Le gouvernement, de son côté, n’est pas épargné par la critique. La Cour des comptes a sévèrement pointé du doigt l’exécutif, soulignant que chaque nouvelle trajectoire budgétaire se révèle plus fragile que la précédente depuis deux ans. Cette situation incite les maires à contester fermement la volonté du ministère des Finances d’imposer de nouvelles restrictions financières aux collectivités.
Les risques sur les services publics inquiètent particulièrement les élus locaux. L’AMF met en garde contre les effets désastreux qu’une nouvelle contrainte budgétaire pourrait avoir sur l’économie locale. Selon l’association, cette mesure pourrait « casser la fragile dynamique de l’investissement et réduire l’offre de services de proximité ». Les magistrats financiers ont proposé de limiter les dépenses des collectivités et de contrôler plus strictement les recettes provenant de l’État, une perspective qui inquiète profondément les élus locaux.
Par ailleurs, les régions manifestent une profonde inquiétude face à la dégradation continue de leur situation financière depuis la crise sanitaire. Elles avertissent qu’en l’absence de nouveaux financements dynamiques, elles devront réduire leurs investissements, notamment dans les secteurs clés tels que les transports et la rénovation énergétique des bâtiments. Ces domaines sont pourtant essentiels pour le développement durable et la qualité de vie des citoyens.
Enfin, une situation inquiétante pour les départements complète ce tableau préoccupant. Parmi les collectivités locales, les départements semblent les plus fragilisés. Ils subissent une chute drastique de leur épargne brute et des recettes provenant des Droits de Mutation à titre Onéreux. Les dépenses imposées par l’État depuis 2022, évaluées à 2,5 milliards d’euros, ont été décidées sans concertation, aggravant leur situation financière déjà précaire.
Les Départements de France ont également souligné une augmentation significative des dépenses sociales, telles que le RSA, l’APA, la PCH et l’ASE, sur lesquelles ils n’ont que peu de contrôle. Ils dénoncent les défaillances de l’État dans la prise en charge des problèmes de santé et de handicap, entravant ainsi leur capacité à exercer leurs responsabilités sociales et mettant en péril la protection de l’enfance. Les carences dans ces domaines mettent les départements sous une pression financière et opérationnelle croissante, rendant leur gestion quotidienne de plus en plus difficile.
Dans ce climat de contraintes budgétaires croissantes, les collectivités locales appellent à une réévaluation des responsabilités financières entre elles et l’État.

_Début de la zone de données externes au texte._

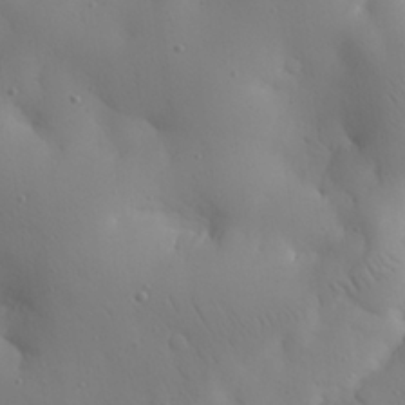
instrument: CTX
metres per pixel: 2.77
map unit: eHh
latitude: 26.2901
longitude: -75.0081
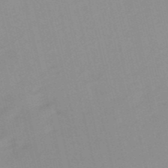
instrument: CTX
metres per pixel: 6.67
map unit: HNb
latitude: -54.8975
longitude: -45.4426
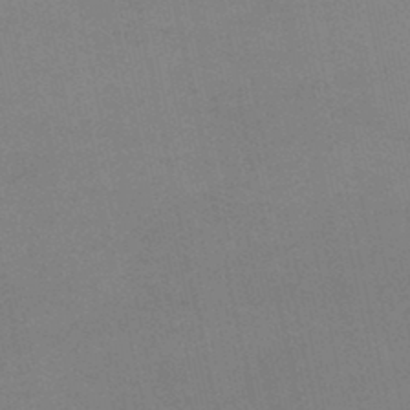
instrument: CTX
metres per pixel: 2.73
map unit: lHb
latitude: -45.8989
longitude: 58.4251
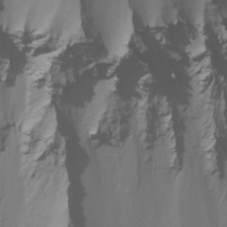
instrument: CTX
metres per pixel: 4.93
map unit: Nhu
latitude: -4.5762
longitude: -79.9339
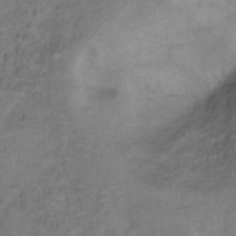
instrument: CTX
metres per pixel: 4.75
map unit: Hto
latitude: 6.7813
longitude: -37.7828
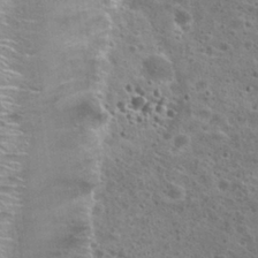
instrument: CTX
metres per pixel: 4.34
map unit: Hto
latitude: 25.9717
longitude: -46.8380
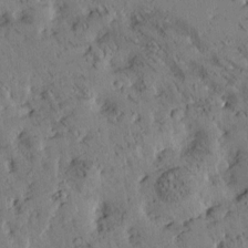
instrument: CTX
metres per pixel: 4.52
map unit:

Elles plaident pour une reconnaissance accrue de leurs efforts dans la gestion prudente des fonds publics. Les maires avertissent que de nouvelles restrictions budgétaires pourraient sévèrement compromettre l’accès aux services essentiels, sur lesquels les citoyens s’appuient au quotidien. Ils exhortent l’État à assumer une part équitable du fardeau financier, pour éviter de placer l’ensemble de la charge sur les épaules des autorités locales.
Face à cette situation critique, il est devenu urgent de repenser les accords financiers entre l’État et les collectivités locales. Les maires réclament un dialogue constructif et un partenariat solide, essentiels pour élaborer des solutions durables qui soutiendront le développement et le bien-être des populations locales, tout en préservant la stabilité financière des collectivités.